Tomorrow evening the Bones spinoff, The Finder [FOX, Thursdays, 9/8C], makes its debut. Last week, I had the opportunity to take part in a conference call with series creator Hart Hanson and star Geoff Stults – who plays Walter, the titular finder of stuff both wanted and not so much [he always wants his clients that the process of finding someone/something might lead to learned something best not learned in the first place].
Hello, good talking to you guys.
Hart Hanson: Hello.
Geoff Stults: Good morning.
I guess my question would be for both of you, the first one anyway. What is it about The Finder that you think will attract viewers?
Stults: I’m going to tell you what I can. It’s fun. My favorite thing about the character in the show when I first became aware that it was the kind of show that didn’t take itself seriously, at least the character doesn’t take himself seriously and it allows you, the viewer, just to enjoy the ride. It’s just fun and entertaining and that’s I think what our goal is. We’re just trying to have a nice 43 minute enjoyable show that people can tune in at any point and any part of the series and any part of the episodes and enjoy themselves and understand what’s going on. Hart?

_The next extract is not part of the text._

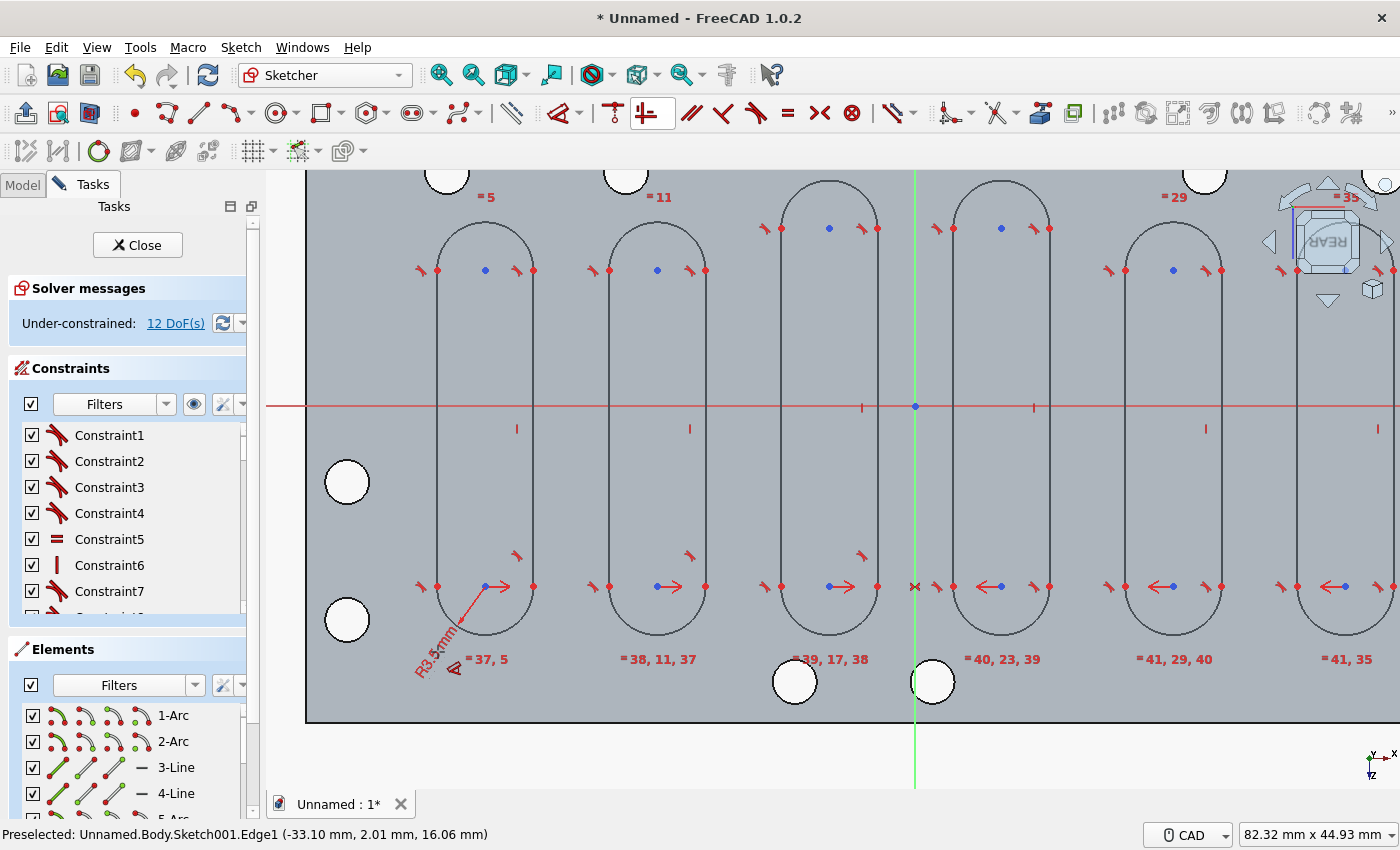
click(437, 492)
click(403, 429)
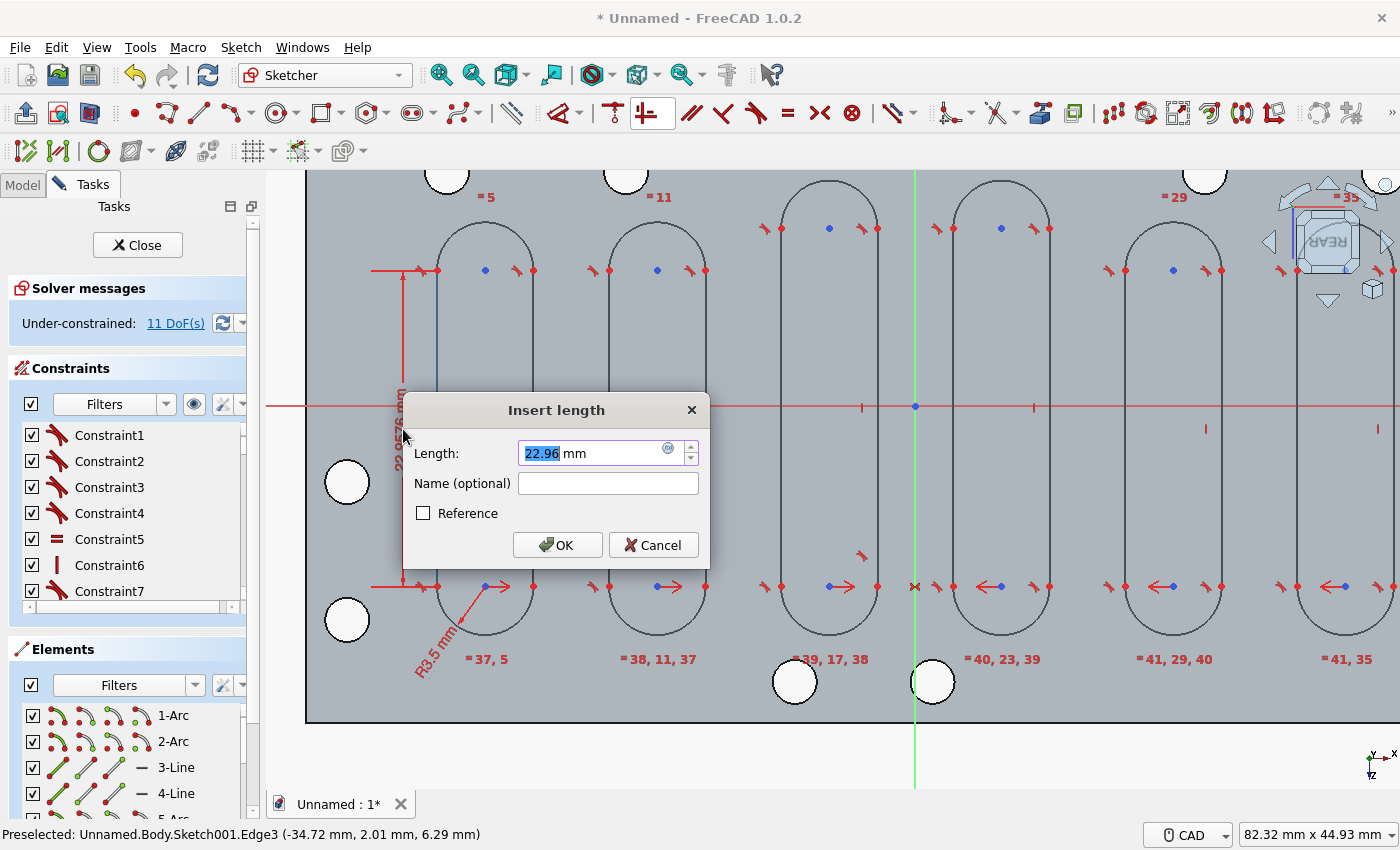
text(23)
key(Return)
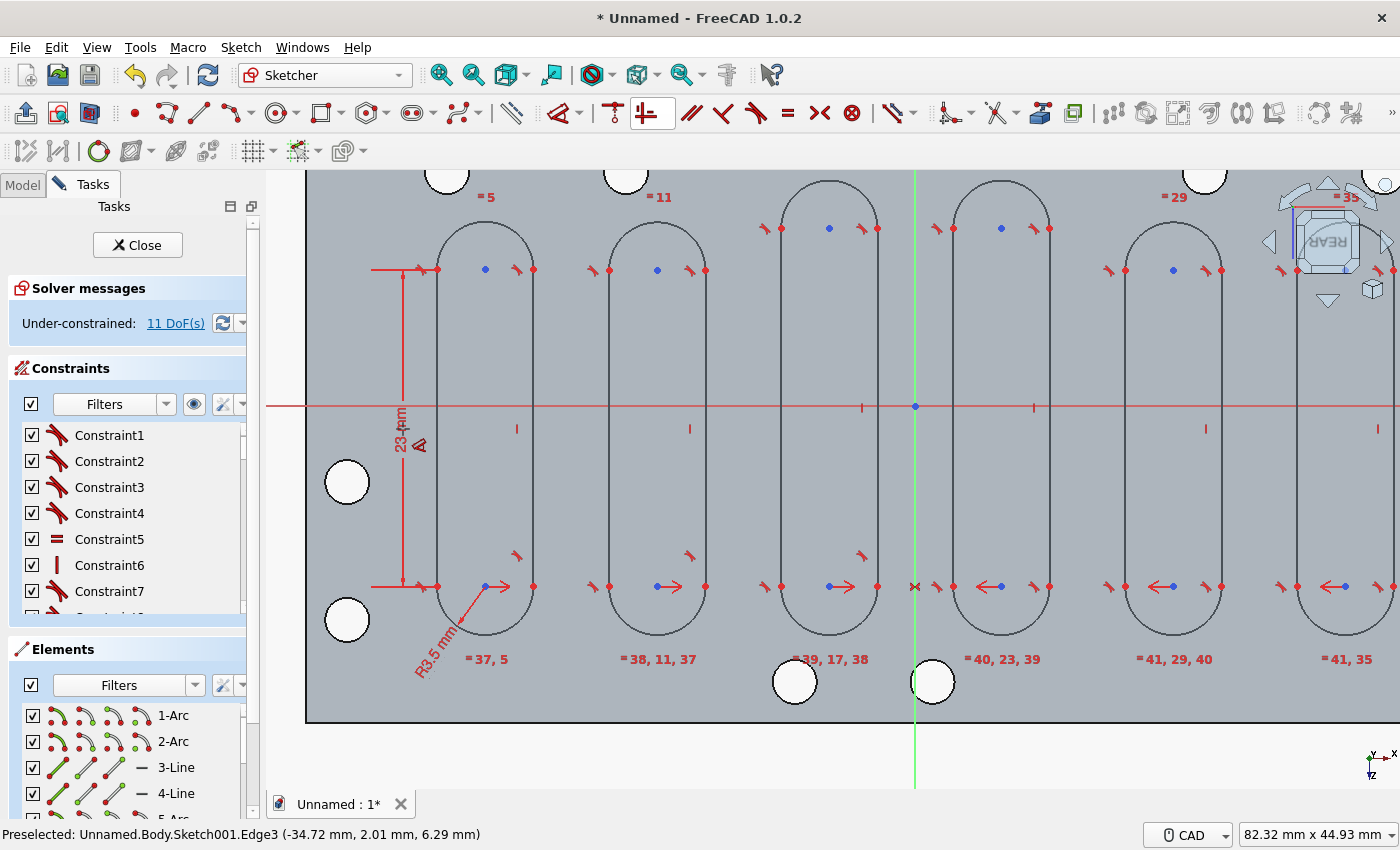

Hanson: At the beginning of this season, everyone is trying to figure out the most economic way to make TV. And the head of production at 20th Century Fox TV told all the line producers in order to prioritize what made it to the screen that they should ask their show runner what was first and foremost. And without a doubt I didn’t even have to think about it; it was entertainment; we just want to entertain an audience for an hour once a week.
Geoff, in your words tell me a little bit about your character’s background and what do you think is what makes him tick?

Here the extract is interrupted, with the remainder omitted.